We sometimes “cut” patients apart to assist in the diagnostic process. We must remember to put them back together; we’re charged with caring for their minds and spirits in addition to their bodies.
Lifelong Learning in Clinical Excellence | November 4, 2021 | 3 min read
By Aidan Crowley, Medical Student, University of Pennsylvania
This fall, I made my first cut in anatomy lab as a medical student. As I picked up the scalpel, the weight of the moment struck me, and I paused. This marked a milestone in the process of becoming a physician—dissection is a practice that has been passed down for centuries. After dissecting the thoracic wall, I set the scalpel aside to examine the incredible and intricate beauty of the human heart, and I couldn’t help but think back to the etymological root of dissection—cutting apart.

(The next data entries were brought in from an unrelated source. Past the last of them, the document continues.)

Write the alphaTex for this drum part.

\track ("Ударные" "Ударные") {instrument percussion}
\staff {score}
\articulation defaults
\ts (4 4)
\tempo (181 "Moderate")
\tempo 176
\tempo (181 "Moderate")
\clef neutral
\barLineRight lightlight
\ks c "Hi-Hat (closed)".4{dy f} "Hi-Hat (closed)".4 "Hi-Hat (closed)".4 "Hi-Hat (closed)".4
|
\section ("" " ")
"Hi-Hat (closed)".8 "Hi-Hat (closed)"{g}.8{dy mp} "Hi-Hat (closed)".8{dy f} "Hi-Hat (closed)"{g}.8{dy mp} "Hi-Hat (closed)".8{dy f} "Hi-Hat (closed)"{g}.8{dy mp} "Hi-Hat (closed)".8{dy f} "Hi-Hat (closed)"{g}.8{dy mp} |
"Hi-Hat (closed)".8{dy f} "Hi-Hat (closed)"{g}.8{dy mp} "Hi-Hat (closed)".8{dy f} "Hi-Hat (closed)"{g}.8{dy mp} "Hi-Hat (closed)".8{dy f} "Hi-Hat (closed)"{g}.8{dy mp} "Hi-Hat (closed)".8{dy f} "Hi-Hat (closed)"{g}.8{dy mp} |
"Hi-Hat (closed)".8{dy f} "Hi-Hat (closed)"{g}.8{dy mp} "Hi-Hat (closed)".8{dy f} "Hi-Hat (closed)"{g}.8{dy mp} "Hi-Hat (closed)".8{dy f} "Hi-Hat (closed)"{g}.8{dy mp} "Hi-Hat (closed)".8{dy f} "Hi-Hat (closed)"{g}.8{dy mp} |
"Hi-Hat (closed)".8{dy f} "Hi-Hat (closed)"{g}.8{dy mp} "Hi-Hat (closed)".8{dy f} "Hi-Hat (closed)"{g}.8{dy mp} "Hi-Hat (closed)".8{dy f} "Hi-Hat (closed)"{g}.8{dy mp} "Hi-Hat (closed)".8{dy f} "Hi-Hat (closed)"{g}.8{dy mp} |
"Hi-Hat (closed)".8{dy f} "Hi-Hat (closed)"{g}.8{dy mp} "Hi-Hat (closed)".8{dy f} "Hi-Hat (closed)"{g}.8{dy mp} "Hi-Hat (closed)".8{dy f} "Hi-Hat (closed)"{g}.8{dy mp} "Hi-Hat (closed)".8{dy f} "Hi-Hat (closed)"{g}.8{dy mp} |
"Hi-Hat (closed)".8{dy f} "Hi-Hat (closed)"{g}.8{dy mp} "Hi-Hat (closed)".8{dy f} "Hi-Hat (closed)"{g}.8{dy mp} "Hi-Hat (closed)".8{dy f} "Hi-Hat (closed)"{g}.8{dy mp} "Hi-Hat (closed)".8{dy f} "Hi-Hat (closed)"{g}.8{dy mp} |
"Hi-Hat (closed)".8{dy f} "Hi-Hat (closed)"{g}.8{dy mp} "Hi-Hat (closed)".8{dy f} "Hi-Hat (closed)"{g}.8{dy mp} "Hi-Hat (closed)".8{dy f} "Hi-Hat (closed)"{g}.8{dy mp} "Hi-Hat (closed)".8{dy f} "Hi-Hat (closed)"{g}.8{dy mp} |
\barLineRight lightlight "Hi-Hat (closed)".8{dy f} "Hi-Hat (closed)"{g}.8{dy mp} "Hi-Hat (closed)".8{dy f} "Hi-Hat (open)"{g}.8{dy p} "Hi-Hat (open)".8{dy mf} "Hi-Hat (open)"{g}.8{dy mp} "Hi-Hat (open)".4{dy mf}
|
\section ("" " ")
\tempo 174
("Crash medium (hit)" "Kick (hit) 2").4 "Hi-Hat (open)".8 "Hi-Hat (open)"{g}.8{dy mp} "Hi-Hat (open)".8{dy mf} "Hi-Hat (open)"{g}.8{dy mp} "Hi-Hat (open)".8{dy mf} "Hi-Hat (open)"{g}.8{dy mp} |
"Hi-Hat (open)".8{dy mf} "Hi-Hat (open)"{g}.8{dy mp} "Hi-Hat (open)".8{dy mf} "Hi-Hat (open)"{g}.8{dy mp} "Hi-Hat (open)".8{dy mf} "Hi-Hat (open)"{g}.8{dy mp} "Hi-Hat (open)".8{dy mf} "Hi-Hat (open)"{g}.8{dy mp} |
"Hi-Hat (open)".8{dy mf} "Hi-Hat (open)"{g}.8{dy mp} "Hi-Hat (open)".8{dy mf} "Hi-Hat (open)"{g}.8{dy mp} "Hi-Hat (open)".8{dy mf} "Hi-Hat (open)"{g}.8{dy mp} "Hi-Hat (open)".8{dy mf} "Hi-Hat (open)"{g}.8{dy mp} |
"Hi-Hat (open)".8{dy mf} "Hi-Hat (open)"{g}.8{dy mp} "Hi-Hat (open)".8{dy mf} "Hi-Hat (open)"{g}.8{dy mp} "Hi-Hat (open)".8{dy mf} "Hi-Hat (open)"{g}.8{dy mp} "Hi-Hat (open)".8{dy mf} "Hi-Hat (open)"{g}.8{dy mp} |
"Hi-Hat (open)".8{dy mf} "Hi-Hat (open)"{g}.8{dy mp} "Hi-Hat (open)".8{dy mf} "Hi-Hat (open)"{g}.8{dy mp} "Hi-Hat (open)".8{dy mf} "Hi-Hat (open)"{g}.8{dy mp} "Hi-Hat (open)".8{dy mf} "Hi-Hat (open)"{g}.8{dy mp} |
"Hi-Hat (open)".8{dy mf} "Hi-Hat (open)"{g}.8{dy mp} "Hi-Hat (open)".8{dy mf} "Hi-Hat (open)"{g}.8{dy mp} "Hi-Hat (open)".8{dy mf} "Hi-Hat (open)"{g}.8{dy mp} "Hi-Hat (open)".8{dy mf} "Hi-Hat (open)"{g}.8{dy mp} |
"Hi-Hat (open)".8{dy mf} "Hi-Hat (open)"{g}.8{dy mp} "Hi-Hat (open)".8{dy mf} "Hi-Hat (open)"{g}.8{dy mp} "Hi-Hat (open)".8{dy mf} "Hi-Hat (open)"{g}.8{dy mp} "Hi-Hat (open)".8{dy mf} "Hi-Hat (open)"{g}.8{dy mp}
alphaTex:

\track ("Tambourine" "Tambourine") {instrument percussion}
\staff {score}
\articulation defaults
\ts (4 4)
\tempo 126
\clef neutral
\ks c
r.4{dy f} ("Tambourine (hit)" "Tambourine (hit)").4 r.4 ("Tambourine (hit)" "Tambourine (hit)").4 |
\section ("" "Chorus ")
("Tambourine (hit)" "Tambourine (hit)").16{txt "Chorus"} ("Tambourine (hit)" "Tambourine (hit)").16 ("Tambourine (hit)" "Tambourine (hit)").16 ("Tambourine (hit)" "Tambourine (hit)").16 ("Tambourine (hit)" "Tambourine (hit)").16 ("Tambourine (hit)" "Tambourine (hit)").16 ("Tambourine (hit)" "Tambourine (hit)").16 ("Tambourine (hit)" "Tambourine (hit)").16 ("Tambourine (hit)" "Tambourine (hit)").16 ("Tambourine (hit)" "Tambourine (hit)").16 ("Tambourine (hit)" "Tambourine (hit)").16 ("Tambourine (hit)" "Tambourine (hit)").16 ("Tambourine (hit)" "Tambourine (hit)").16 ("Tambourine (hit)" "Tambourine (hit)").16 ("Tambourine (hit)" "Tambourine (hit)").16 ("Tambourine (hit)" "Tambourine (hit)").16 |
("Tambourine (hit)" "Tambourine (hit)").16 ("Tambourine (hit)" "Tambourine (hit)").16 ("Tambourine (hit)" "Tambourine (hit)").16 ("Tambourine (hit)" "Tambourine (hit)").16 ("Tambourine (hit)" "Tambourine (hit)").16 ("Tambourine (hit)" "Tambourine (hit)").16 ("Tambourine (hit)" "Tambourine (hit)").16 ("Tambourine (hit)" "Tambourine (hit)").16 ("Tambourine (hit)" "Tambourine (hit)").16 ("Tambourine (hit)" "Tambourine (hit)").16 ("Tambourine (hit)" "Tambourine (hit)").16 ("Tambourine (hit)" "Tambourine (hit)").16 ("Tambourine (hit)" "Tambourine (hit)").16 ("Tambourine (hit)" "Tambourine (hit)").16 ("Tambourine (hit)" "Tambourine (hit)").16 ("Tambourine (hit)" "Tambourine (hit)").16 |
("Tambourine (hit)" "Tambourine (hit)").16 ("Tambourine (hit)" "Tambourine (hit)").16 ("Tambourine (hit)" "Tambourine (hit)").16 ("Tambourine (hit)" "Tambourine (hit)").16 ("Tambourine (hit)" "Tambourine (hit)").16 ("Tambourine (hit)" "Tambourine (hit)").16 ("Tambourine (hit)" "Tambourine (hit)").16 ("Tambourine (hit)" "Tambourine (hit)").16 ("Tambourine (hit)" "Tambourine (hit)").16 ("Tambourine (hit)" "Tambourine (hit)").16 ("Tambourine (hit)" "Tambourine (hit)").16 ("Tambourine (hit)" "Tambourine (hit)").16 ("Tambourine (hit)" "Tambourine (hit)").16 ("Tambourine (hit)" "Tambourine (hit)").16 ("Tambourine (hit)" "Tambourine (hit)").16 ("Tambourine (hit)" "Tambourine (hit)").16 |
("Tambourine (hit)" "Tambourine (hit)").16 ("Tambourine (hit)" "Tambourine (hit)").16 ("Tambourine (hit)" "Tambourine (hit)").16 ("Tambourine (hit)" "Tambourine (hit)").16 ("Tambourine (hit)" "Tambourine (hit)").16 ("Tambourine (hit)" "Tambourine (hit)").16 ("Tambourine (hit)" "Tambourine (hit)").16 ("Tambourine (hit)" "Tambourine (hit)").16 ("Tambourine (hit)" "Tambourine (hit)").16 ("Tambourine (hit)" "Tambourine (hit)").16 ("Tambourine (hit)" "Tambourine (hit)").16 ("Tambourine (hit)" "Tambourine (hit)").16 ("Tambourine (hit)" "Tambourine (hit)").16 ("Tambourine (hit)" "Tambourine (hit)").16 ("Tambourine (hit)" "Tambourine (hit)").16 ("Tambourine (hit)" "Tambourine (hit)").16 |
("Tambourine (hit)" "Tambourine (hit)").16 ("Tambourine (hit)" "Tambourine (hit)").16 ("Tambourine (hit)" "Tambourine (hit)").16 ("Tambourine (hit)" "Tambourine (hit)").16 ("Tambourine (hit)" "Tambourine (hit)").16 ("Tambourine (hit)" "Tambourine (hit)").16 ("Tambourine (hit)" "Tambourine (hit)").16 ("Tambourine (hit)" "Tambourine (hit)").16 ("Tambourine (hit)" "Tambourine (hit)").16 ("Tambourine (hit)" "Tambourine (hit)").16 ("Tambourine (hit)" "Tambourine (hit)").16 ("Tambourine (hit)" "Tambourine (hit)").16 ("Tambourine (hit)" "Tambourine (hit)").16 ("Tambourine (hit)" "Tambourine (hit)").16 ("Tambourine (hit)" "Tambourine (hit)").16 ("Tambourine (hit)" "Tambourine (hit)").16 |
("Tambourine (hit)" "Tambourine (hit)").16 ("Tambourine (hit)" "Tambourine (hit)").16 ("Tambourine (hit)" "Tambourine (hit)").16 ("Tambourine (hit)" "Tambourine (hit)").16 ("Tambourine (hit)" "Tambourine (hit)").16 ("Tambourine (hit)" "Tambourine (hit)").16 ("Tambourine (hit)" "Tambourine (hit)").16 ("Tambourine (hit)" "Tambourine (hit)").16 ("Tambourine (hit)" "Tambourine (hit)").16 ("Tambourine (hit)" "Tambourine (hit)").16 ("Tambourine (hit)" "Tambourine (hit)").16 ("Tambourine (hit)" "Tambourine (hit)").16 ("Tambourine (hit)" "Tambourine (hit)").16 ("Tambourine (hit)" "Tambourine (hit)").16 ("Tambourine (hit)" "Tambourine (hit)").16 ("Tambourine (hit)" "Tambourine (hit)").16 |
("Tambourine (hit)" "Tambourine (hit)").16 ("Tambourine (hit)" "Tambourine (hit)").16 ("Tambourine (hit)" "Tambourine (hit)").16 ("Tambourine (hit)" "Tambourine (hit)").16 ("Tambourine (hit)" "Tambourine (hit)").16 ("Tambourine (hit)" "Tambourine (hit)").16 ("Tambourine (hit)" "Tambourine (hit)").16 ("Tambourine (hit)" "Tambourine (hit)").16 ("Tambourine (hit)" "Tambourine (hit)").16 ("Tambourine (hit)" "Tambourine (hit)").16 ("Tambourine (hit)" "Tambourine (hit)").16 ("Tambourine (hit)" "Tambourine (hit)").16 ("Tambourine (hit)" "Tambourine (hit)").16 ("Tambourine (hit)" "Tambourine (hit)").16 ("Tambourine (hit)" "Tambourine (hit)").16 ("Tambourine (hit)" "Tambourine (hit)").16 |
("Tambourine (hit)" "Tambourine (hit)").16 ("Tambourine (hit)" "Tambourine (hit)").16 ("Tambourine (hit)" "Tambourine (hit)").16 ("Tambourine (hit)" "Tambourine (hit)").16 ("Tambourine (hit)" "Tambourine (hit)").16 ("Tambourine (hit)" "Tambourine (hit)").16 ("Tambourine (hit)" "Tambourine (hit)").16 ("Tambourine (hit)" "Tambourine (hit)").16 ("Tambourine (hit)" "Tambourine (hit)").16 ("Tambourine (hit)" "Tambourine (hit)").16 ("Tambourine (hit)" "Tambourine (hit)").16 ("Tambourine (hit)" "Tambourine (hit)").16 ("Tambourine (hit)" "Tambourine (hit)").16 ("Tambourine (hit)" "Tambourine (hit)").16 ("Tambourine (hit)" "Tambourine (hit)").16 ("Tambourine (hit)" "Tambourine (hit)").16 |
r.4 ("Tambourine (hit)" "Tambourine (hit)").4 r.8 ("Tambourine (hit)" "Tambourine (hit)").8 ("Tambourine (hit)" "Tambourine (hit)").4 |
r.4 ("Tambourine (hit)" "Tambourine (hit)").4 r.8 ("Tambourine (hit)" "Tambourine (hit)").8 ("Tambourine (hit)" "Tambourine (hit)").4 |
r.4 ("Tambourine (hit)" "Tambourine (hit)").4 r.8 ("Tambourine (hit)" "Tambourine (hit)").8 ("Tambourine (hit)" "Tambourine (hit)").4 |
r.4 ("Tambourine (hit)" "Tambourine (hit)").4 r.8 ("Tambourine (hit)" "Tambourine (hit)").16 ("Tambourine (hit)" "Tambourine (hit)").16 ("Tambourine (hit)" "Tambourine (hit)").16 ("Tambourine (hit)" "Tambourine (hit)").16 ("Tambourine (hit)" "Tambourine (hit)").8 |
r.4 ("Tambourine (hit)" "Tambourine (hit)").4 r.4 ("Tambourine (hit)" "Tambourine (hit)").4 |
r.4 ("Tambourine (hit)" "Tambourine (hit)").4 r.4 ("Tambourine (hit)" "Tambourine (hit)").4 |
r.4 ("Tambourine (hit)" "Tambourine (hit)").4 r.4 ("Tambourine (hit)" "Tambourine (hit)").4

During an anatomy course as a college undergrad, I learned that I’d been mispronouncing dissection. It’s not “di-section,” or cutting in two, but “dis-section,” or cutting apart. In that moment of the first cut at the anatomy table, I realized that these first couple months of medical school have been, at their core, a comprehensive exercise in dissection. Beyond “cutting apart” anatomical structures, medical trainees are also taught to dissect the signs and symptoms that a patient brings to us. In mock encounters with standardized patients, we’re trained to gather data in the form of medical and social histories. We’re conditioned to deconstruct clinical manifestations into their causative pathways, to break down reported pain into a list of differential diagnoses, to “cut apart” patients’ stories to identify the source of their suffering.
In addition to anatomical and clinical dissection, medical school also entails a certain dissection of self. Becoming a clinician is inherently a process of dissection. We must unlearn acquired heuristics to train our minds to think like doctors. We separate studying from personal time to preserve balance in our lives.
Each of these forms of dissection—anatomical, clinical, and personal—is necessary in training, but they inherently carry risk. In dissecting cadavers, we risk replacing our conception of the patient as a person with a view of the patient as a biomechanical phenomenon. By cutting apart patients’ stories to separate out black-and-white signs and symptoms, our clinical reasoning may hinder authentic encounters with those who are suffering. In carving apart our own lives to create time for the mentally and emotionally demanding process of becoming a physician, we risk losing what makes us tick.
In a course I took on suffering, one of the sessions addressed the phenomenon of biomedical reductionism. The critical care doctor leading the discussion shared a key piece of wisdom that’s stayed with me: “Reductionism is often necessary in medicine in order to recognize patterns, reach a diagnosis, and treat a disease. But in taking the patient apart, we can’t forget to put the person back together.”
Reflecting on the concept of “dissection” and its role in shaping the clinician mind, the practice of medicine, and our own lives can offer an opportunity to balance it with “reintegration.” Dissection isn’t inherently bad—and may be necessary for learning about a person—but it must be coupled with reintegration. We can’t forget to put the person back together, and this can be accomplished through intentional reminders that we’re accompanying a human being who’s suffering. We must also practice reintegration in our own lives by setting aside time for processing and reflection, whether during the commute or by waking up five minutes earlier to set intentions for the day.
Here are three ways to balance dissection and reintegration:
1. Reflect on where you notice “dissection” in your clinical practice.
Do you find yourself dissecting patients’ complaints? Dissecting subjective reports into a set of signs and symptoms?
2. “Dissect” your daily habits.
How do you spend your time? Where in your life do you see yourself dissecting personal time from clinical practice? Do you actively build in time for emotional processing, either alone or with colleagues?
3. Practice reintegration. Remember to put people back together.
Remind yourself after each diagnosis that the clinical presentation you just dissected is also a person. In addition to reintegrating the patient, reintegration includes yourself—don’t lose what makes you you. Reintegration of personal time, relationship-building, reflection, and intention-setting into your daily habits will make you a better doctor for your patients.
This piece expresses the views solely of the author. It does not necessarily represent the views of any organization, including Johns Hopkins Medicine.